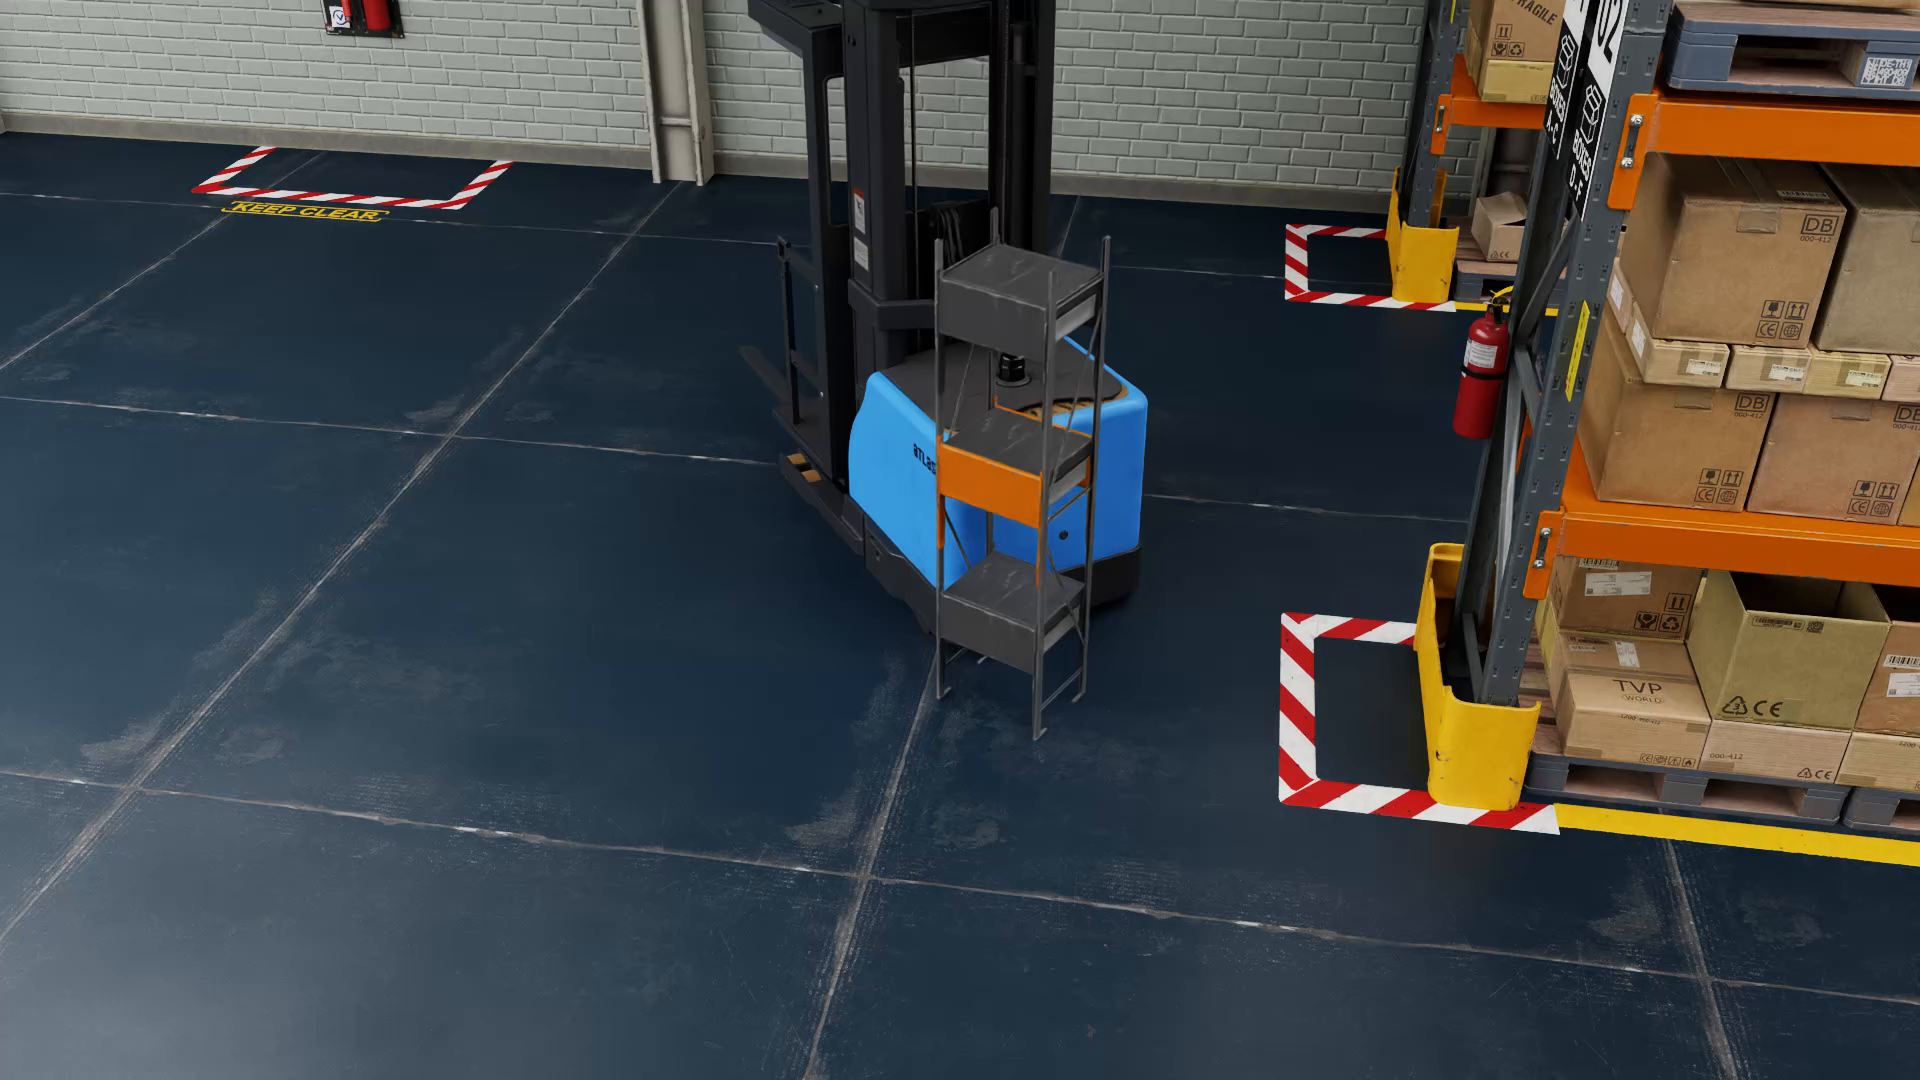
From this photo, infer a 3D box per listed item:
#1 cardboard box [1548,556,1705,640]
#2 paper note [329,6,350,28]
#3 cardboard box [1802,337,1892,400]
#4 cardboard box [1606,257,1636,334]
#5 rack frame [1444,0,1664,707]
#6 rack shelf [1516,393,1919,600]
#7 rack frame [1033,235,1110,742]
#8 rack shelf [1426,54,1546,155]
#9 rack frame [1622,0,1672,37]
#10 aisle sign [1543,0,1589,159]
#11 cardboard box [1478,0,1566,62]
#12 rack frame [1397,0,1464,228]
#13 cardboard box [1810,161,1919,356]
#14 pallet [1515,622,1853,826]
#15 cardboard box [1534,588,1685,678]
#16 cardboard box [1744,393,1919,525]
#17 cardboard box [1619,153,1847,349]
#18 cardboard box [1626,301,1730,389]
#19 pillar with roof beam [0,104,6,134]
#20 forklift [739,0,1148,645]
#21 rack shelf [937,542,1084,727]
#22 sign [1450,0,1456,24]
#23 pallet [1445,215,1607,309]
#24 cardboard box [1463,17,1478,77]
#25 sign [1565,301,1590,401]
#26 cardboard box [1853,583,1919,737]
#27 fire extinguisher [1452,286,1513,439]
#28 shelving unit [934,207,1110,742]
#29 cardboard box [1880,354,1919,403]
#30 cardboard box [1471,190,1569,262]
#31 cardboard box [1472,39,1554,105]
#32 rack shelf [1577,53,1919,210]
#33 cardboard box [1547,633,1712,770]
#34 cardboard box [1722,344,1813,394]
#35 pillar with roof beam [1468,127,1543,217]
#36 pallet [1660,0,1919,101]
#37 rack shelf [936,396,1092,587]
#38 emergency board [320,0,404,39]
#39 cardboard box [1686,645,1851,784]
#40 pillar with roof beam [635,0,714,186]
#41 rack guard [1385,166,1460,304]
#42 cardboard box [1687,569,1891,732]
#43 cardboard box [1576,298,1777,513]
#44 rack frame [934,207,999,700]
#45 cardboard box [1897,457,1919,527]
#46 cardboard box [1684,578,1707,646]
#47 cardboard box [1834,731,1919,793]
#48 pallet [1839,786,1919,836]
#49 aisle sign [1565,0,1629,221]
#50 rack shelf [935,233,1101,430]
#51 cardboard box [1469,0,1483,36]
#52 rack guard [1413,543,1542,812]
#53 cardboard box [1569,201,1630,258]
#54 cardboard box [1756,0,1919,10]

Exercise description | Reproduce the data above verbatim, minus any images.

Response to this exercise |
From this photo, infer a 3D box per listed item:
#1 cardboard box [1548,556,1705,640]
#2 paper note [329,6,350,28]
#3 cardboard box [1802,337,1892,400]
#4 cardboard box [1606,257,1636,334]
#5 rack frame [1444,0,1664,707]
#6 rack shelf [1516,393,1919,600]
#7 rack frame [1033,235,1110,742]
#8 rack shelf [1426,54,1546,155]
#9 rack frame [1622,0,1672,37]
#10 aisle sign [1543,0,1589,159]
#11 cardboard box [1478,0,1566,62]
#12 rack frame [1397,0,1464,228]
#13 cardboard box [1810,161,1919,356]
#14 pallet [1515,622,1853,826]
#15 cardboard box [1534,588,1685,678]
#16 cardboard box [1744,393,1919,525]
#17 cardboard box [1619,153,1847,349]
#18 cardboard box [1626,301,1730,389]
#19 pillar with roof beam [0,104,6,134]
#20 forklift [739,0,1148,645]
#21 rack shelf [937,542,1084,727]
#22 sign [1450,0,1456,24]
#23 pallet [1445,215,1607,309]
#24 cardboard box [1463,17,1478,77]
#25 sign [1565,301,1590,401]
#26 cardboard box [1853,583,1919,737]
#27 fire extinguisher [1452,286,1513,439]
#28 shelving unit [934,207,1110,742]
#29 cardboard box [1880,354,1919,403]
#30 cardboard box [1471,190,1569,262]
#31 cardboard box [1472,39,1554,105]
#32 rack shelf [1577,53,1919,210]
#33 cardboard box [1547,633,1712,770]
#34 cardboard box [1722,344,1813,394]
#35 pillar with roof beam [1468,127,1543,217]
#36 pallet [1660,0,1919,101]
#37 rack shelf [936,396,1092,587]
#38 emergency board [320,0,404,39]
#39 cardboard box [1686,645,1851,784]
#40 pillar with roof beam [635,0,714,186]
#41 rack guard [1385,166,1460,304]
#42 cardboard box [1687,569,1891,732]
#43 cardboard box [1576,298,1777,513]
#44 rack frame [934,207,999,700]
#45 cardboard box [1897,457,1919,527]
#46 cardboard box [1684,578,1707,646]
#47 cardboard box [1834,731,1919,793]
#48 pallet [1839,786,1919,836]
#49 aisle sign [1565,0,1629,221]
#50 rack shelf [935,233,1101,430]
#51 cardboard box [1469,0,1483,36]
#52 rack guard [1413,543,1542,812]
#53 cardboard box [1569,201,1630,258]
#54 cardboard box [1756,0,1919,10]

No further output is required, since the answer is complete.